大魔女にありのまま告げたら、なんとかなるかな?
なんにせよ、話したい。
「はい」
「ついでにレオノーラのところで避妊薬と睡眠薬を買ってきておくれ」
「はい。行ってきます」
「今日のチョコレートケーキは美味かった。花の生き甲斐になるチョコケーキの材料なら買っていいよ」
「ありがとうございます。私のスペシャル・チョコケーキを作りますね」
渋みのきついオレンジとチョコの絶妙なマリアージュを味合わせたい。私は意気揚々と花園を後にした。
鬱蒼とした木々が生い茂る中、『魔女の館』と揶揄されるレオノーラの家に向かって歩いていると、貴族用の馬車が私の隣でいきなり止まった。
「メラニー、メラニー、メラニー」
馬車から顔を出したのは、女衒のイーモンだ。つい先ほど、娼館で見送ったばかり。
「イーモン?」
「早速、父上がゲートを使って来てくれた。乗っておくれ」
電車も飛行機もないけれど、ほんの一瞬で遠隔地に飛べる移動魔法陣がある。テレポートとか、ワープとか、場所によって呼び名はあるらしいけど、通称は『ゲート』だ。これがマジ便利。
「帝都からゲートを使って?」
同じ帝国内でも帝都からでは馬車を乗り継いで半月はかかる。ゲートならすぐ。けど、べらぼうに高い。
平民には簡単に手が出させない利器だ。
「そうだよ。ひどく後悔してね……あぁ、乗っておくれ」
イーモンに急かされ、私は馬車に乗りこんだ。
「はい」
向かい合わせに座ると、馬車は活気がある町に向かって動きだす。心なしか、速くなった?
「カメリアが心配する理由がよくわかる」
イーモンにしみじみと言われ、私は瞬きを繰り返した。
「……え?」
「カメリアの教育も無駄だったね」
イーモンは人を人とも思わないような笑みを浮かべ、指輪を私に向けた。……や、指輪型の防犯の魔道具だ。

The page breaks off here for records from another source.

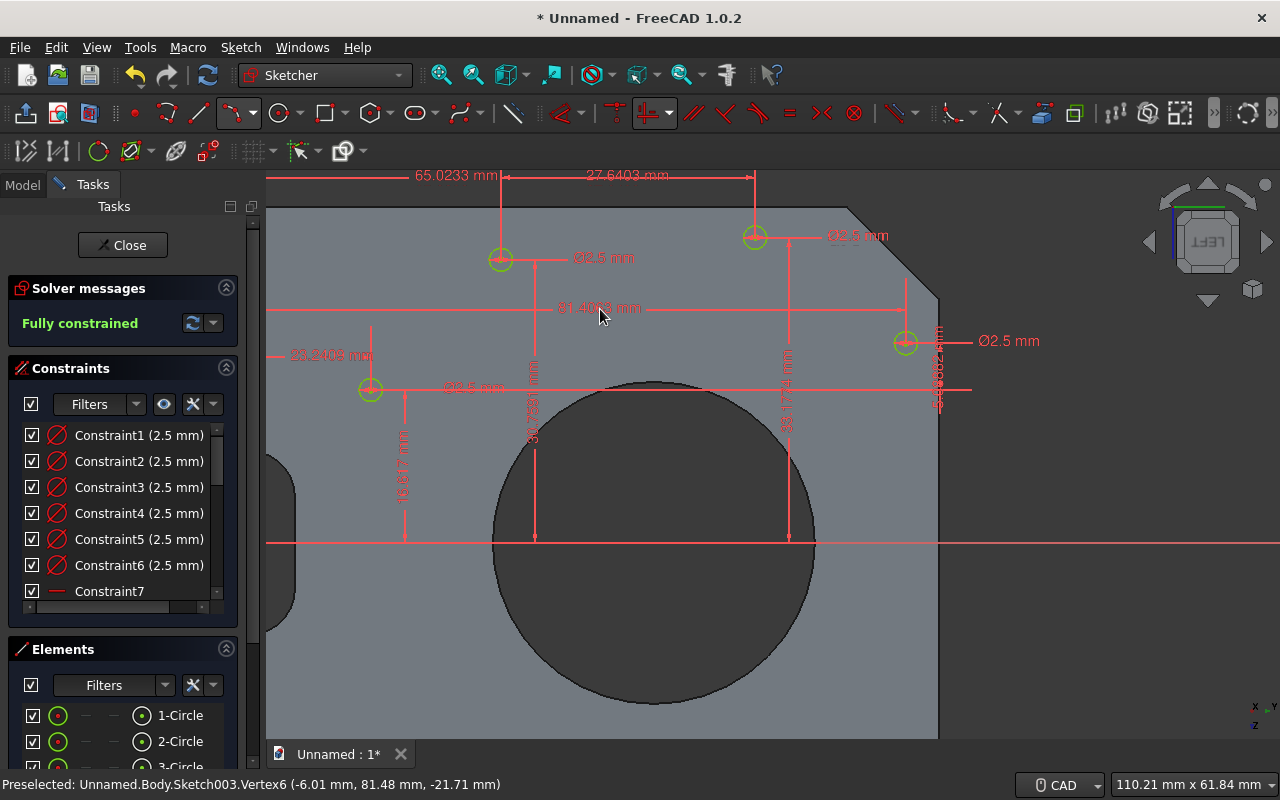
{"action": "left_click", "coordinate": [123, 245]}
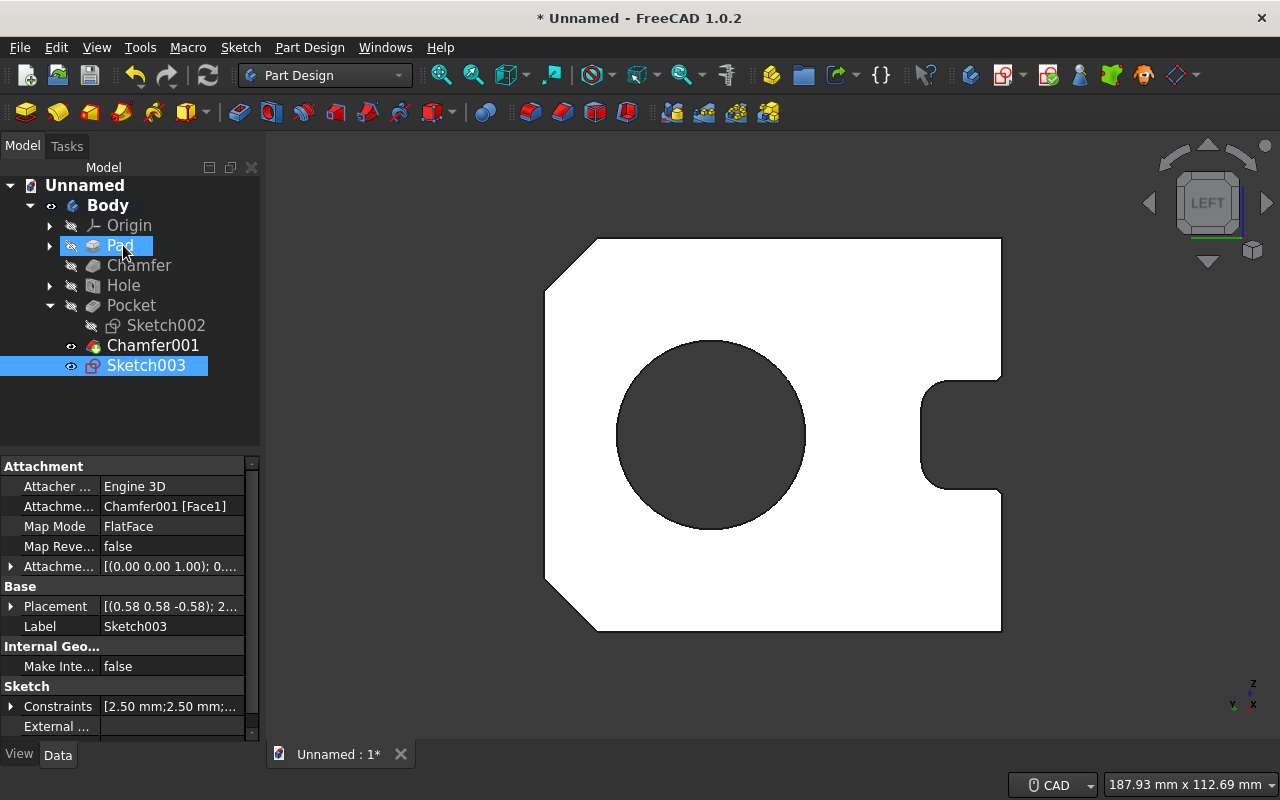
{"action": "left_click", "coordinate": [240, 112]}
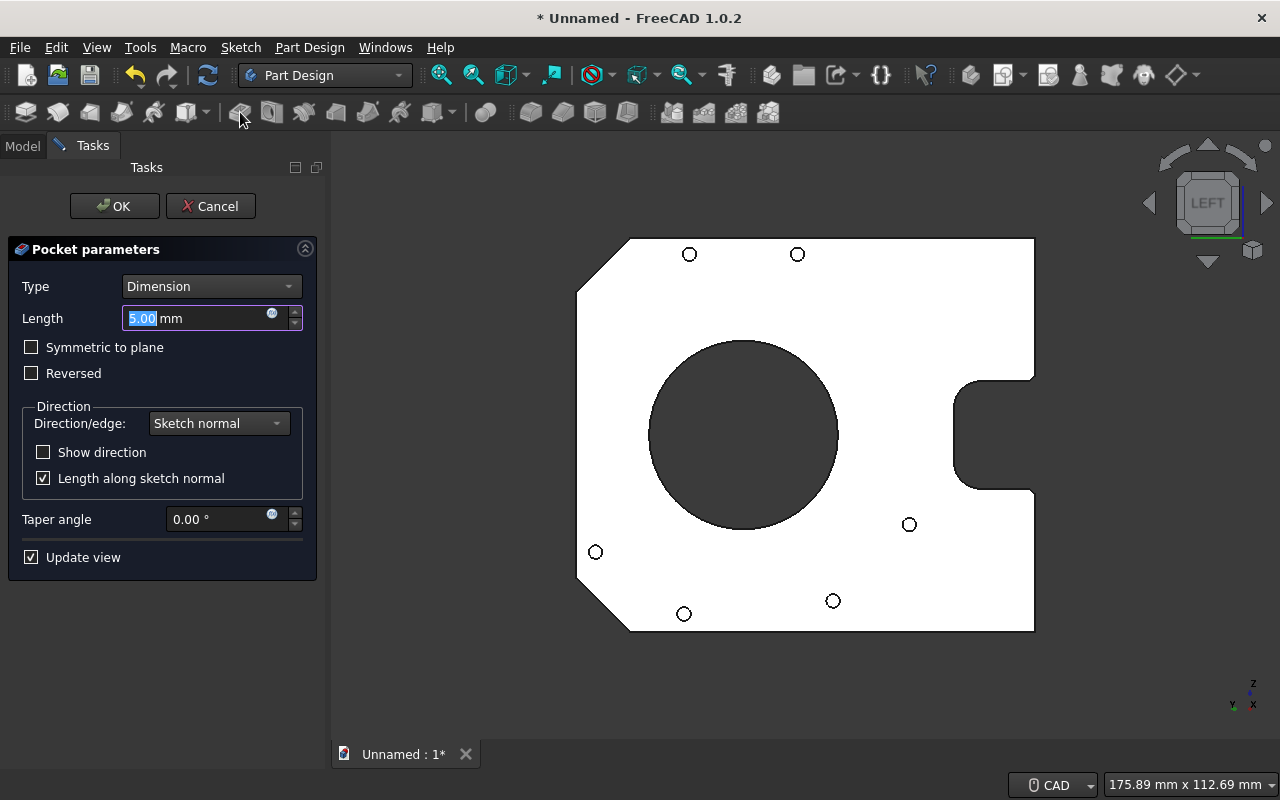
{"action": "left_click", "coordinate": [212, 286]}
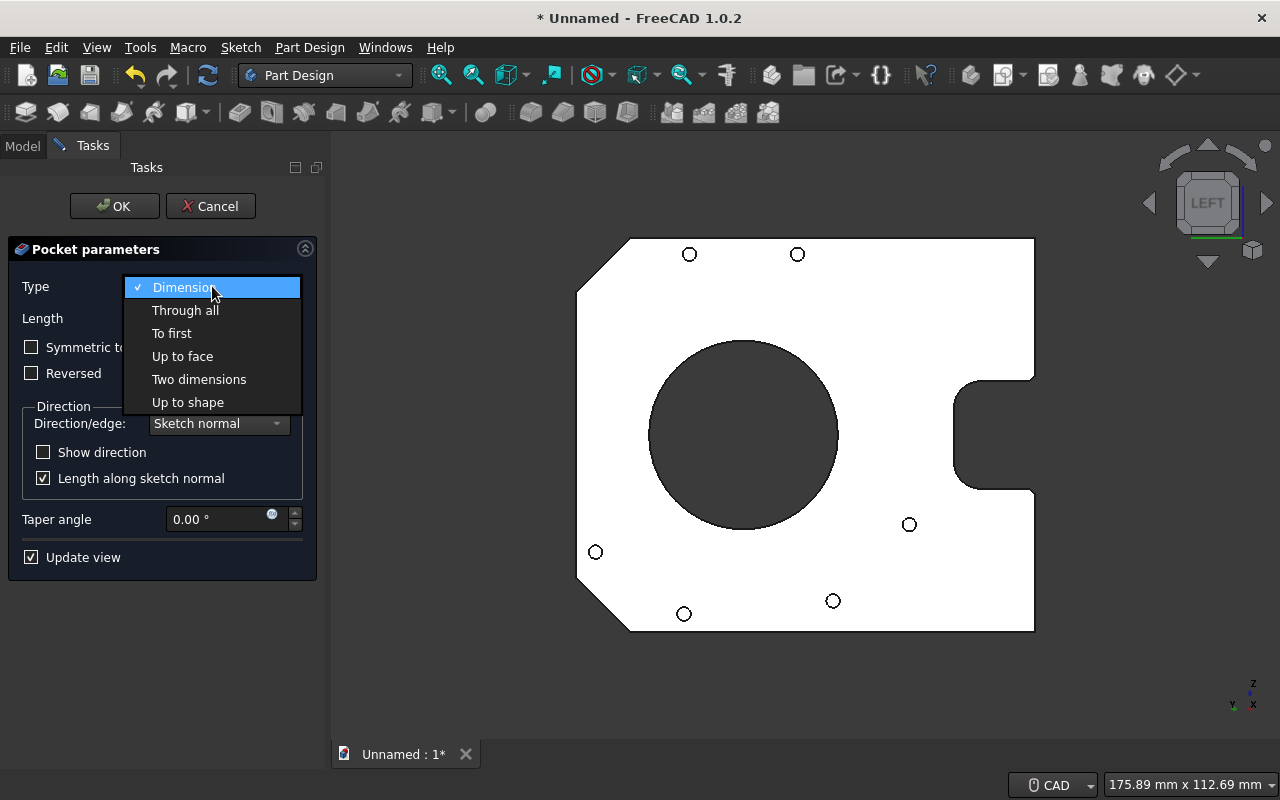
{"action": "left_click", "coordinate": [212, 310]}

プシューッ、という音とともに睡眠ガスが私の顔に発射された。
「……う?」
油断した。
避けることができず、まともに睡眠ガスを食らってしまう。強力な睡魔に負け、目を開けていられない。
それでも、最後に確認したのは、使用された防犯の魔道具がレオノーラ特注品だということ。